Caja de pino

El otro día vi el primer capítulo de una serie bastante conocida, Succession. He de decir que prefiero los dramas de la clase media-baja, de la gente común y corriente, como yo. Proximidad y afinidad son dos conceptos amantes. Pero llega un momento en la vida de todo espectador en que el clavo de las recomendaciones, arqueado de tanto peso, gana la batalla. Tocó. Qué bien.

Un episodio, nada más. La serie nos presenta los tejemanejes de una familia multimillonaria y, durante el lapso que la cuenta atrás dejaba correr acercándose al «Ver siguiente episodio», contuve mi estómago con una mezcla de expectación y asco. Creo que podemos acuñar un concepto preciso: «nausea social». No porque me pille de nuevas, que, a pesar de no peinar canas, los roces del escritor con la clase alta (y su nivel/forma de vida) han sido constante; vamos, que me esperaba lo visto. Pero la crudeza de las imágenes, cada diálogo velado de dobles sentidos, la apocada necesidad de traficar con influencias que compartieron en la infancia… El conjunto se asemejaba al clásico mejunje que untan los druidas en las heridas, a ver qué coño sale de ahí.

Es interesante que en el punto álgido del capítulo, el patriarca, con ochenta tacos bajo la papada, sufre una isquemia. No muere y creo que más adelante tampoco, pero repito, no he visto más. La nieve de la cinta me lo impide. Empero, el ataque, que termina con el señor en el hospital y más tubos que el intestino de Ironman, es un interesante recordatorio: a pesar de todos los lujos (relojes que alimentarían a una familia durante un año, más cocaína que la que rodea el taller de Papá Noel, vocablos soeces y gestos chulescos, e incluso jugar a ser Dios con los humildes), como dice el dicho, «una vez terminado el juego, el rey y el peón vuelven a la misma caja».

No es necesario alardear de dotes pugilísticas ni quemas de bandera. Vivir no va de eso, aunque enseñar los dientes sea siempre un buen reclamo. Durante las ocho (¿ocho?) horas que dura una jornada laboral promedio, es inevitable envidiar a quienes viven a cuerpo de rey, con todo tipo de caprichos imaginables satisfechos con tan solo desbloquear el iPhone. Pero, al llegar a casa, ¿quién espera? ¿Merece realmente la pena?

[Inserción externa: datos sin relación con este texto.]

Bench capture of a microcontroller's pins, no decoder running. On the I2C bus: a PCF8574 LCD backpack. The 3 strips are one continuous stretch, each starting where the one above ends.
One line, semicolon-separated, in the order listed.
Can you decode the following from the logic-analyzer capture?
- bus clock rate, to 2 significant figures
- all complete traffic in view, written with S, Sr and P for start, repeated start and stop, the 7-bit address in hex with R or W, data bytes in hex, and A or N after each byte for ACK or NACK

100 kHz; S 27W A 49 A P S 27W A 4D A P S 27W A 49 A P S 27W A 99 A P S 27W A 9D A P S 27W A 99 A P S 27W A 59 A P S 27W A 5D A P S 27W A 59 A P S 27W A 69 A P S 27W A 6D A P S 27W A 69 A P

Cuando tenga veinte o treinta millones escribiré otra columna resolviendo la cuestión (podéis dormir tranquilos: no llegará). Hasta entonces, cuando los malos pensamientos empañen mi razón, escribiré un mensaje a las personas que quiero, agradecido por no tener que batallar en silencio también con ellas cuando lo único que me espera, al final del camino, es una caja de pino.